→ **REQUIRED ACTION**
Since only part of the records is wanted, repeat exactly the lines from the one containing "1. car (476, 291, 547, 348)" through the last line, both included.

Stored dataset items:
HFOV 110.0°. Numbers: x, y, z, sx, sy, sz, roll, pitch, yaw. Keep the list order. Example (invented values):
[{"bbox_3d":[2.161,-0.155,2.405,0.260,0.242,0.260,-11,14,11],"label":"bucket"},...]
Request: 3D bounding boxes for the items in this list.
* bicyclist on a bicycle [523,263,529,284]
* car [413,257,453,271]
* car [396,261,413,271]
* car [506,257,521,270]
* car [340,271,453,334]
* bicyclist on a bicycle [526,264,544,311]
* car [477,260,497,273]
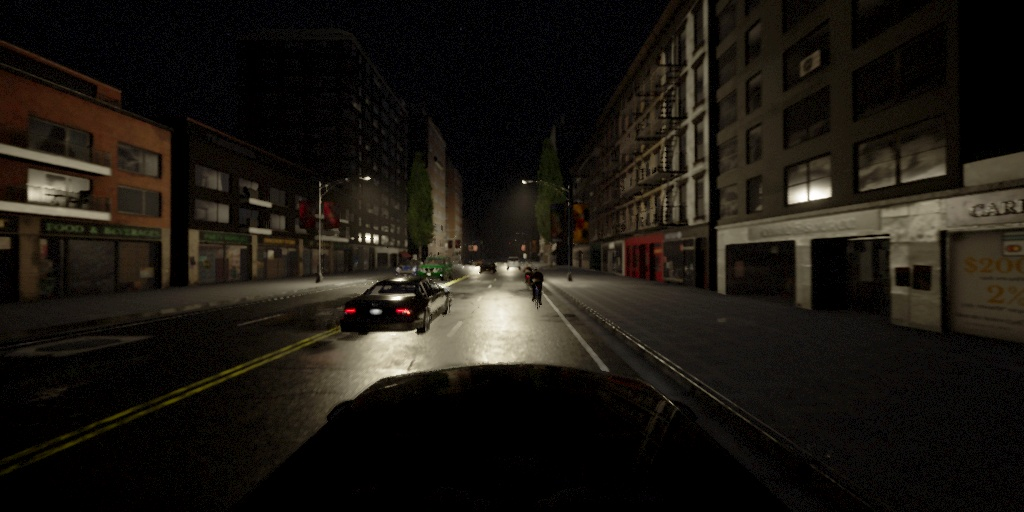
[{"bbox_3d":[0.988,1.270,22.654,0.582,1.620,1.656,0,0,0],"label":"bicyclist on a bicycle"},{"bbox_3d":[-6.469,1.079,30.756,2.150,2.045,5.566,0,0,0],"label":"car"},{"bbox_3d":[-9.692,1.229,34.859,2.097,1.767,4.553,0,0,0],"label":"car"},{"bbox_3d":[0.289,1.145,56.988,2.150,2.045,5.566,0,0,1],"label":"car"},{"bbox_3d":[-3.105,1.334,10.718,2.033,1.411,5.357,0,0,0],"label":"car"},{"bbox_3d":[0.949,1.241,13.650,0.582,1.620,1.656,0,0,0],"label":"bicyclist on a bicycle"},{"bbox_3d":[-2.958,1.371,45.278,1.882,1.535,5.008,0,0,0],"label":"car"}]
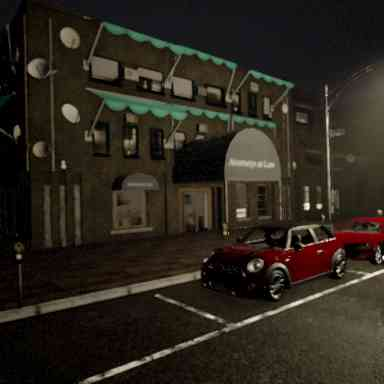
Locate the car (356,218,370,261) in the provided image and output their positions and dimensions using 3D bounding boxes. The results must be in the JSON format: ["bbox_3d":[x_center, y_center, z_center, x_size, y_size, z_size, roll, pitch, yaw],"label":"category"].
[{"bbox_3d":[6.455,1.616,11.966,4.507,1.381,1.887,0,-2,-39],"label":"car"}]

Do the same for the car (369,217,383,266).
[{"bbox_3d":[7.485,1.237,9.468,5.566,2.045,2.150,0,-1,-39],"label":"car"}]

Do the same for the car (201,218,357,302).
[{"bbox_3d":[2.151,1.536,8.465,4.097,1.590,1.967,0,-2,-39],"label":"car"}]
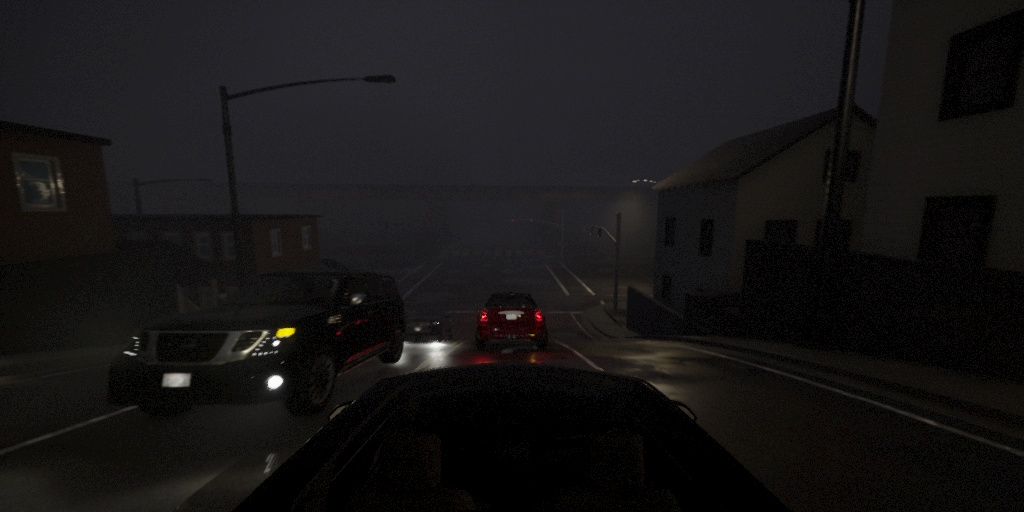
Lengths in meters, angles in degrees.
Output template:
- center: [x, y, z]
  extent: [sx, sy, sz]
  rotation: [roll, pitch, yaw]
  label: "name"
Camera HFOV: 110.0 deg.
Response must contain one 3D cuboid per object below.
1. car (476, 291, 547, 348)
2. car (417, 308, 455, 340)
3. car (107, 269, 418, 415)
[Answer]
- center: [-0.051, 2.112, 12.371]
  extent: [2.097, 1.767, 4.553]
  rotation: [0, -9, -1]
  label: "car"
- center: [-3.773, 3.153, 16.557]
  extent: [1.812, 1.442, 4.674]
  rotation: [0, -13, -1]
  label: "car"
- center: [-3.643, 1.249, 6.667]
  extent: [2.150, 2.045, 5.566]
  rotation: [0, -5, 0]
  label: "car"

→ **SOLUTION TO THIS EXERCISE**
1. car (476, 291, 547, 348)
2. car (417, 308, 455, 340)
3. car (107, 269, 418, 415)
[Answer]
- center: [-0.051, 2.112, 12.371]
  extent: [2.097, 1.767, 4.553]
  rotation: [0, -9, -1]
  label: "car"
- center: [-3.773, 3.153, 16.557]
  extent: [1.812, 1.442, 4.674]
  rotation: [0, -13, -1]
  label: "car"
- center: [-3.643, 1.249, 6.667]
  extent: [2.150, 2.045, 5.566]
  rotation: [0, -5, 0]
  label: "car"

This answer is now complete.